The code looks like this and the inner loop takes a huge amount of time:
#define _table_derive ((double*)(Buffer_temp + offset))
#define Table_derive(m,nbol,pos) _table_derive[(m) + 5*((pos) + _interval_derive_dIdQ * (nbol))]
char *Buffer_temp=malloc(...);
for (n_bol=0; n_bol<1400; n_bol++) // long loop here
[lots of code here, hundreds of lines with computations on doubles, other loops, etc]
double ddI=0, ddQ=0;
// This is the original code
for(k=0; k< 100; k++ ) {
ddI += Table_derive(2,n_bol,k);
ddQ += Table_derive(3,n_bol,k);
}
ddI /= _interval_derive_dIdQ;
ddQ /= _interval_derive_dIdQ;
[more code here]
}
oprofile tells me that most of the runtime is spent here (2nd column is % of time):
129304 7.6913 :for(k=0; k< 100; k++) {
275831 16.4070 :ddI += Table_derive(2,n_bol,k);
764965 45.5018 :ddQ += Table_derive(3,n_bol,k);
My first question is: can I rely on oprofile to indicate the proper place where the code is slow (I tried in -Og and -Ofast and it's basically the same).
My second question is: how come this very simple loop is slower than sqrt, atan2 and the many hundred lines of computations that come before ? I know I'm not showing all the code, but there's lots of it and it doesn't make sense to me.

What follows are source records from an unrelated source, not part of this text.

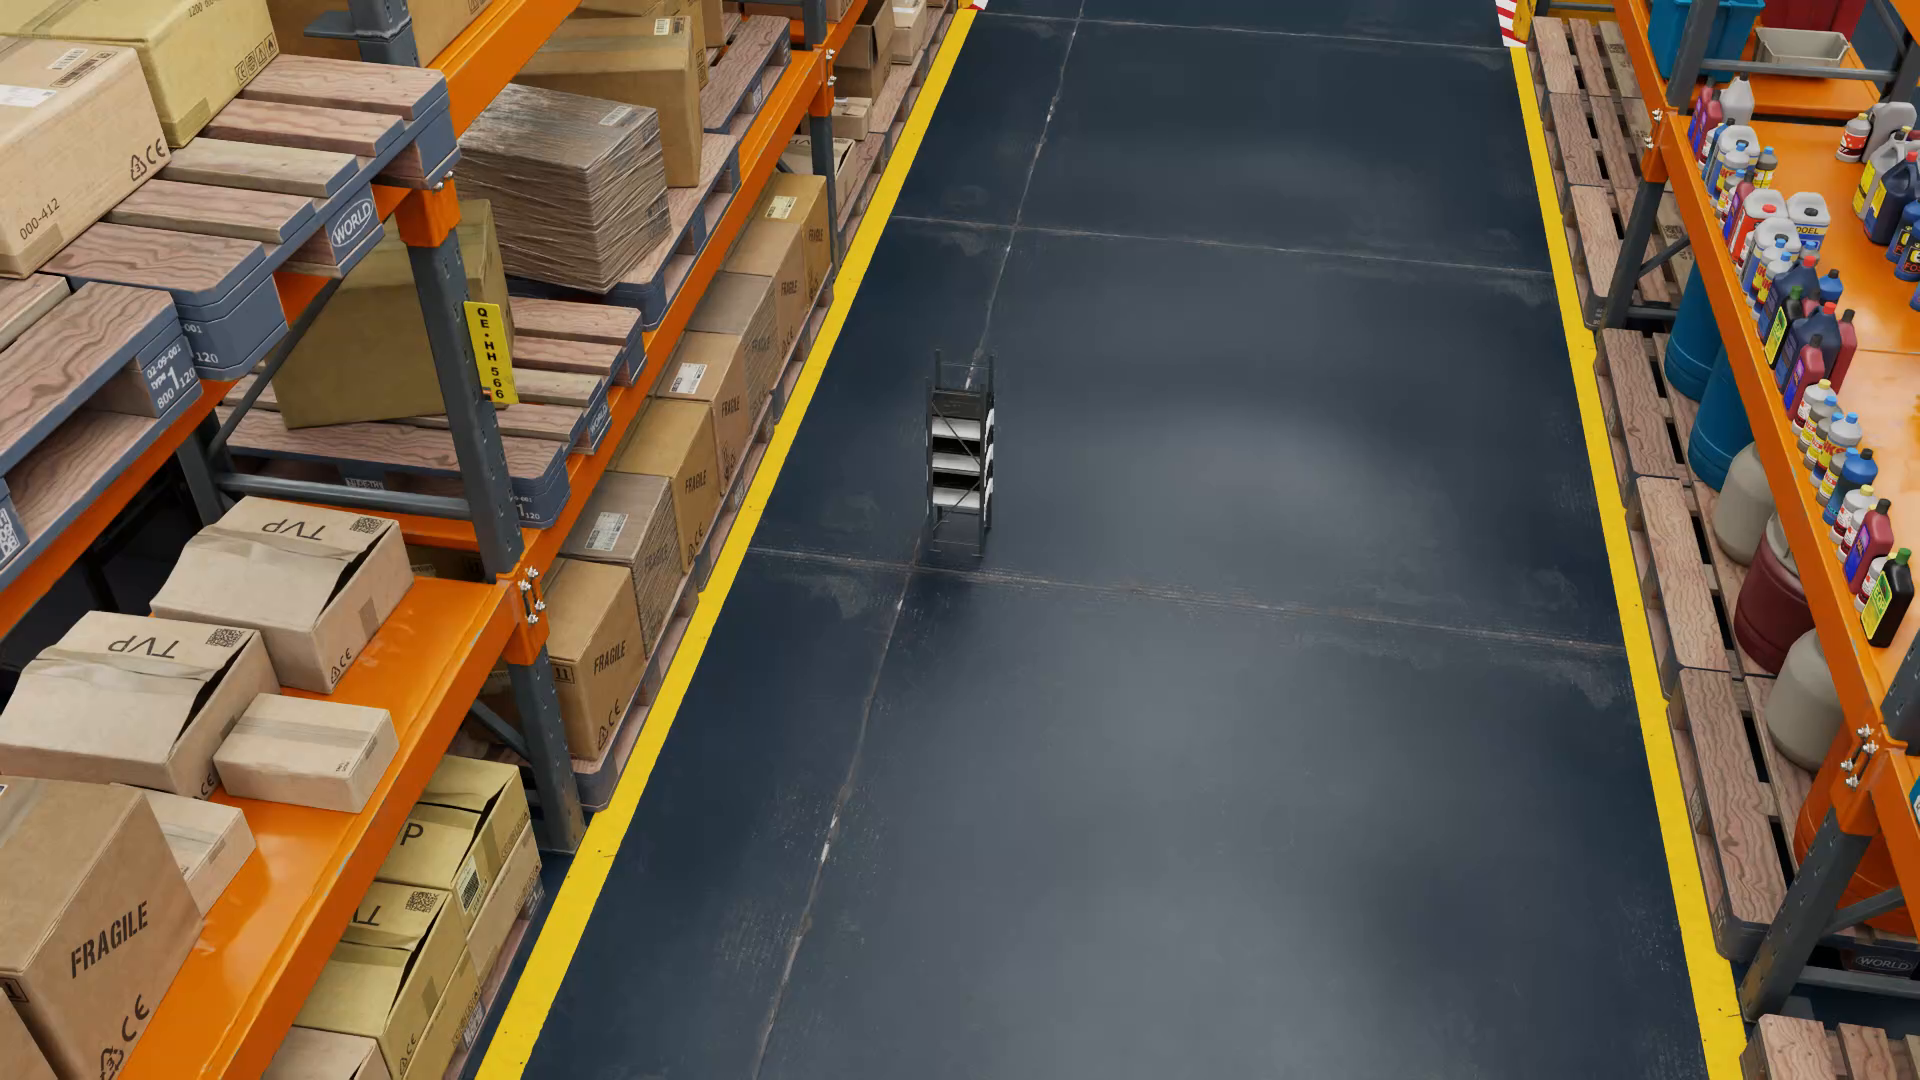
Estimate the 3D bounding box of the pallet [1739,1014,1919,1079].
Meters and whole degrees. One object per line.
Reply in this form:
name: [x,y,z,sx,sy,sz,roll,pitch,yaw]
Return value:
pallet: [2.860,1.976,4.694,1.003,0.211,1.213,6,40,8]

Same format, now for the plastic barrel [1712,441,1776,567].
plastic barrel: [3.305,-0.165,6.719,0.421,0.512,0.421,0,40,0]

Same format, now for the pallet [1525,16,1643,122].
pallet: [4.235,-3.013,10.729,1.003,0.211,1.213,6,40,8]

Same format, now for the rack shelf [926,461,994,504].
rack shelf: [0.001,-0.257,7.048,0.258,0.077,0.200,6,40,8]

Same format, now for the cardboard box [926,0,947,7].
cardboard box: [-0.313,-3.987,11.335,0.500,0.500,0.500,6,40,8]

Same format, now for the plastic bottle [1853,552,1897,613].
plastic bottle: [2.720,0.125,4.901,0.097,0.201,0.097,0,40,0]

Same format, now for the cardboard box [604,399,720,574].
cardboard box: [-1.309,-0.233,6.794,0.500,0.500,0.500,6,40,7]

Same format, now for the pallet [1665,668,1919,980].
pallet: [3.127,0.995,5.881,1.003,0.211,1.213,6,40,8]

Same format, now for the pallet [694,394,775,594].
pallet: [-1.466,-0.282,7.426,1.003,0.211,1.213,6,40,8]

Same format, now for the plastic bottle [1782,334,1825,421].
plastic bottle: [2.880,-0.554,5.657,0.061,0.283,0.133,6,40,8]

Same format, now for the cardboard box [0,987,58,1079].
cardboard box: [-2.211,1.218,3.345,0.500,0.500,0.500,6,40,8]

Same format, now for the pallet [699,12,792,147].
pallet: [-1.400,-2.076,7.557,1.003,0.211,1.213,6,40,8]

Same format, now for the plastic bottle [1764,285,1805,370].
plastic bottle: [2.935,-0.753,5.899,0.061,0.283,0.133,6,40,8]

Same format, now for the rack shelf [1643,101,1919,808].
rack shelf: [3.378,-0.558,6.136,1.077,0.370,4.000,6,40,8]

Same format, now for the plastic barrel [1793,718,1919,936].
plastic barrel: [3.100,0.785,5.320,0.600,0.830,0.708,6,40,8]

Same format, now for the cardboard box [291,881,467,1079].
cardboard box: [-1.778,1.235,4.790,0.500,0.311,0.500,6,40,7]

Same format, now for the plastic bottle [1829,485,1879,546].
plastic bottle: [2.777,-0.081,5.150,0.097,0.201,0.097,0,40,0]

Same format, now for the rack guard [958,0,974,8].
rack guard: [-0.475,-4.139,11.863,1.175,0.500,0.348,6,40,8]

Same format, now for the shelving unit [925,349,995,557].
shelving unit: [0.001,-0.352,6.969,0.258,0.900,0.210,6,40,8]

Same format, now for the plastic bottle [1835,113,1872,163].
plastic bottle: [3.848,-1.733,7.148,0.097,0.201,0.097,0,40,0]

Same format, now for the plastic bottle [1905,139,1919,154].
plastic bottle: [3.911,-1.531,6.845,0.152,0.276,0.135,6,40,8]

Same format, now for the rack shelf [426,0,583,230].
rack shelf: [-1.500,-2.263,5.844,1.077,0.370,4.000,6,40,8]

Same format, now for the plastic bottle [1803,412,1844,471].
plastic bottle: [2.844,-0.326,5.446,0.097,0.201,0.097,0,40,0]

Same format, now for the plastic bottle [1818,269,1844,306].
plastic bottle: [3.130,-0.858,6.035,0.097,0.271,0.097,0,40,0]

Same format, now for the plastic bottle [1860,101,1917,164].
plastic bottle: [3.974,-1.760,7.122,0.152,0.276,0.135,6,40,8]

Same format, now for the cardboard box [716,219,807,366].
cardboard box: [-1.051,-1.195,7.958,0.500,0.500,0.500,7,40,8]

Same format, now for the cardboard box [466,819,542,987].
cardboard box: [-1.697,1.126,5.362,0.500,0.250,0.500,7,40,9]

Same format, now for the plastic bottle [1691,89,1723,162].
plastic bottle: [3.217,-1.779,7.139,0.061,0.283,0.133,6,40,8]

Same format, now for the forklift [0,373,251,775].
forklift: [-3.531,-0.697,5.793,1.130,2.935,3.031,9,40,11]

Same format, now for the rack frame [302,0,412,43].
rack frame: [-1.846,-2.441,3.140,1.000,3.000,0.127,6,40,8]

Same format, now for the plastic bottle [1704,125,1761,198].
plastic bottle: [3.206,-1.565,6.886,0.152,0.276,0.135,6,40,8]

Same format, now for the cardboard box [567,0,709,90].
cardboard box: [-1.513,-2.129,7.062,0.700,0.500,0.500,12,41,15]

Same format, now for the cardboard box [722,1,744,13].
cardboard box: [-1.320,-3.020,8.470,0.500,0.500,0.500,7,40,8]

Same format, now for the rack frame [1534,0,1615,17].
rack frame: [4.416,-4.601,10.461,1.000,3.000,0.127,6,40,8]

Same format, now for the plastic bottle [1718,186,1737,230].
plastic bottle: [3.125,-1.344,6.678,0.097,0.201,0.097,0,40,0]

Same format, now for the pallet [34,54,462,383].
pallet: [-1.875,-0.777,3.629,1.213,0.211,1.003,8,40,10]

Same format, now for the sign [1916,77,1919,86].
sign: [4.266,-2.136,7.262,0.100,0.325,0.005,6,40,8]

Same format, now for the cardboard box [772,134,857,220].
cardboard box: [-0.868,-2.012,9.095,0.500,0.311,0.500,6,40,8]

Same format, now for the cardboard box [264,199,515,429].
cardboard box: [-1.848,-0.737,5.379,0.700,0.500,0.500,-6,40,-7]

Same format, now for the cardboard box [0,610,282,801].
cardboard box: [-2.192,0.445,4.427,0.500,0.311,0.500,6,40,7]

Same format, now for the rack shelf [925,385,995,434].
rack shelf: [0.001,-0.534,6.819,0.258,0.077,0.200,6,40,8]

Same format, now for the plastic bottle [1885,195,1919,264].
plastic bottle: [3.698,-1.215,6.466,0.097,0.271,0.097,0,40,0]

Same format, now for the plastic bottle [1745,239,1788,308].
plastic bottle: [3.021,-0.996,6.202,0.097,0.271,0.097,0,40,0]

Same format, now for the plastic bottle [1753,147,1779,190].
plastic bottle: [3.332,-1.534,6.907,0.097,0.201,0.097,0,40,0]

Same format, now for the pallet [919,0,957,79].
pallet: [-0.612,-3.527,11.350,1.003,0.211,1.213,6,40,8]

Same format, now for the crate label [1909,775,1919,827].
crate label: [2.590,0.707,4.172,0.303,0.233,0.416,6,40,8]

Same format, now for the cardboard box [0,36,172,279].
cardboard box: [-1.942,-0.767,3.258,0.500,0.250,0.500,7,40,9]

I've tried various optimizer tricks to either vectorize (doesn't work) or unroll (works) but for little gain, for instance:
typedef double aligned_double __attribute__((aligned(8)));
typedef const aligned_double* SSE_PTR;
SSE_PTR TD=(SSE_PTR)&Table_derive(2,n_bol,0); // We KNOW the alignement is correct because offset is multiple of 8
for(k=0; k< 100; k++, TD+=5) {
#pragma Loop_Optimize Unroll No_Vector
ddI += TD[0];
ddQ += TD[1];
}
I've checked the output of the optimizer: "-Ofast -g -march=native -fopt-info-all=missed.info -funroll-loops" and in this case I get "loop unrolled 9 times", but if I try to vectorize, I get (in short): "can't force alignment of ref", "vector alignment may not be reachable", "Vectorizing an unaligned access", "Unknown alignment for access: *(prephitmp_3784 + ((sizetype) _1328 + (long unsigned int) (n_bol_1173 * 500) * 2) * 4)"

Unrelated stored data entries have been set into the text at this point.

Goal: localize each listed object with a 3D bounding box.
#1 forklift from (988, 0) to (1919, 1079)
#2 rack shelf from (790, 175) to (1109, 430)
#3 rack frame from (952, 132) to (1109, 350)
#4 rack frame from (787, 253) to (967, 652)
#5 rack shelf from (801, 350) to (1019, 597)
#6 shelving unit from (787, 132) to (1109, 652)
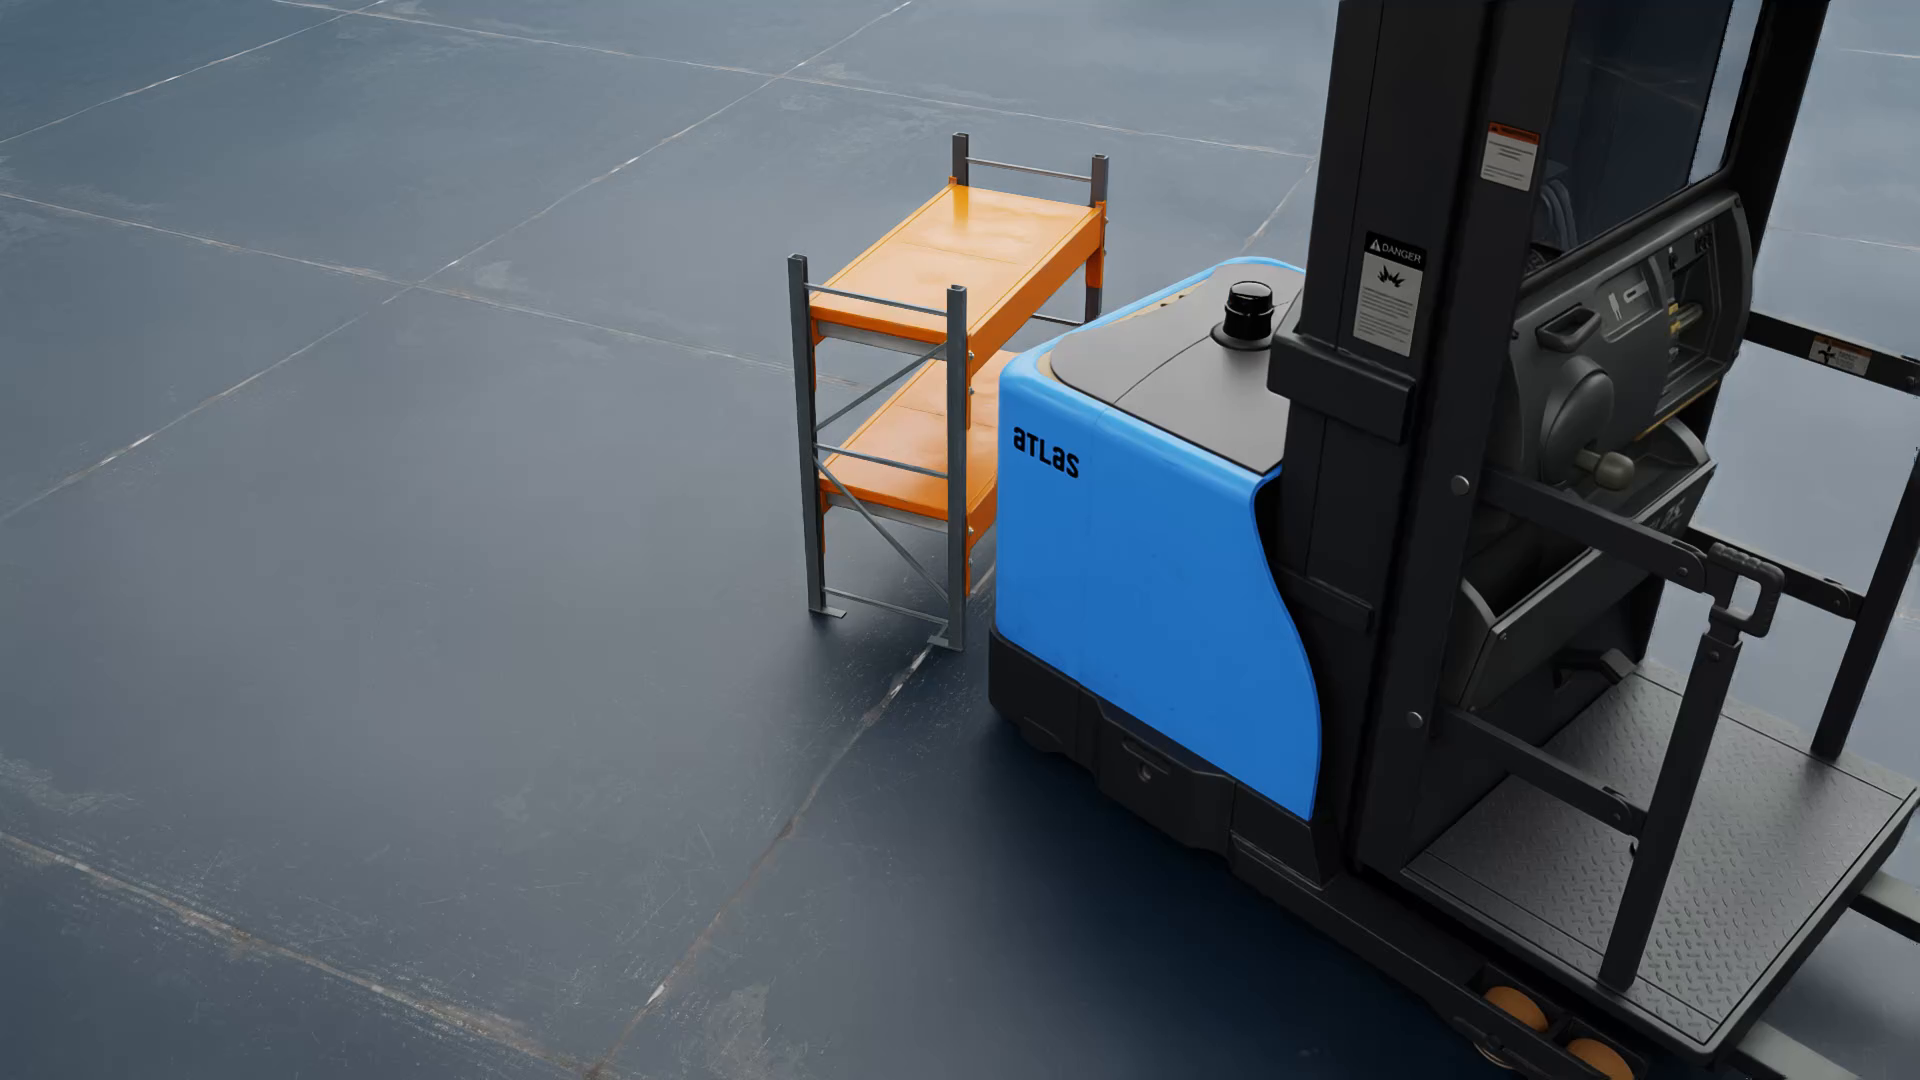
[{"bbox_3d":[1.461,-0.350,3.111,1.130,2.935,3.031,-28,42,-36],"label":"forklift"},{"bbox_3d":[-0.003,-0.712,4.776,0.538,0.278,1.000,14,36,20],"label":"rack shelf"},{"bbox_3d":[0.210,-0.720,5.323,0.500,1.125,0.032,14,36,20],"label":"rack frame"},{"bbox_3d":[-0.216,-0.214,4.550,0.500,1.125,0.032,14,36,20],"label":"rack frame"},{"bbox_3d":[-0.003,-0.263,5.070,0.538,0.278,1.000,14,36,20],"label":"rack shelf"},{"bbox_3d":[-0.003,-0.467,4.936,0.538,1.125,1.048,14,36,20],"label":"shelving unit"}]

Any way to speed this up ?
ADDENDUM: Thanks all for the comments, I'll try to answer here:
- yes, I know the code is ugly (it's not mine), and you haven't seen the actual original (that's a huge simplification)
- I'm stuck with this array as the C code is in a library and the large array, once processed and modified by the C, gets passed onto the caller (either IDL, Python or C).

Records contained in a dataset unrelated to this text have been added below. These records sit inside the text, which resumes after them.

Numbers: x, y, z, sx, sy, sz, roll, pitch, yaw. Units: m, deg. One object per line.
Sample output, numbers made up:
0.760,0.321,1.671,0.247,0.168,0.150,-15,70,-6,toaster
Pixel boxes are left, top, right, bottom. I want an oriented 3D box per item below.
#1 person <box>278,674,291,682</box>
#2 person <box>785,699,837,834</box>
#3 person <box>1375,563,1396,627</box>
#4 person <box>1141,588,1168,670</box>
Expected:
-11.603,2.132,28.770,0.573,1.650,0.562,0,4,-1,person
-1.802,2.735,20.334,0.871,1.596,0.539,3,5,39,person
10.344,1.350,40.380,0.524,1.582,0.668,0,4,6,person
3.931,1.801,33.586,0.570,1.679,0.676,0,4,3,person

- I know it would be better using some strucs instead of casting char* to complicated multidimensional double*, but see above. Structs may not have been parts of C specs when this prog was first written (just kidding... maybe)
- I know that for the vectorizer it's better to have structs of arrays than arrays of struct, but, sigh... see above.
- there's an actual outer loop (in the calling program), so that the total size of this monolithic array is around 2Gb
- as is, it takes about 15 minutes to run with no optimization, and one minute after I rewrote some code (faster atan2, some manual aligns inside the array ...) and I used -Ofast and -march=native
- Due to constraints changes in the hardware, I'm trying to go faster to keep up with dataflow.
- I tried with Clang and the gains were slight (a few seconds), but I do not see an option to get an optimization report such as -fopt-info. Do I have to look at the assembly as the only option to know what's going on ?
- the system is a beastly 64-core with 500Gb of RAM, but I haven't been able to insert any OpenMP pragmas to parallelize the above code (I've tried): it reads a file, decompresses it entirely in memory (2Gb), analyses it in sequence (things like '+=') and spits out some results to the calling IDL/Python. All on a single core (but the other cores are quite busy with the actual acquisition and post processing). :(
- Useless, thanks for the excellent suggestion: removing ddQ += ... seems to transfer the % of time to the previous line: 376280 39.4835:ddI+=...
- which brings us to even better: removing both (hence the entire loop) saves... nothing at all !!! So I guess as Peter said, I can't trust the profiler. If I profile the loopless prog, I get timings more evenly spread out (previously 3 lines only above 1s, now about 10, all nonsensical like simple variables assign).
I guess that inner loop was a red herring from the start; I'll restart my optimization using manual timings. Thanks.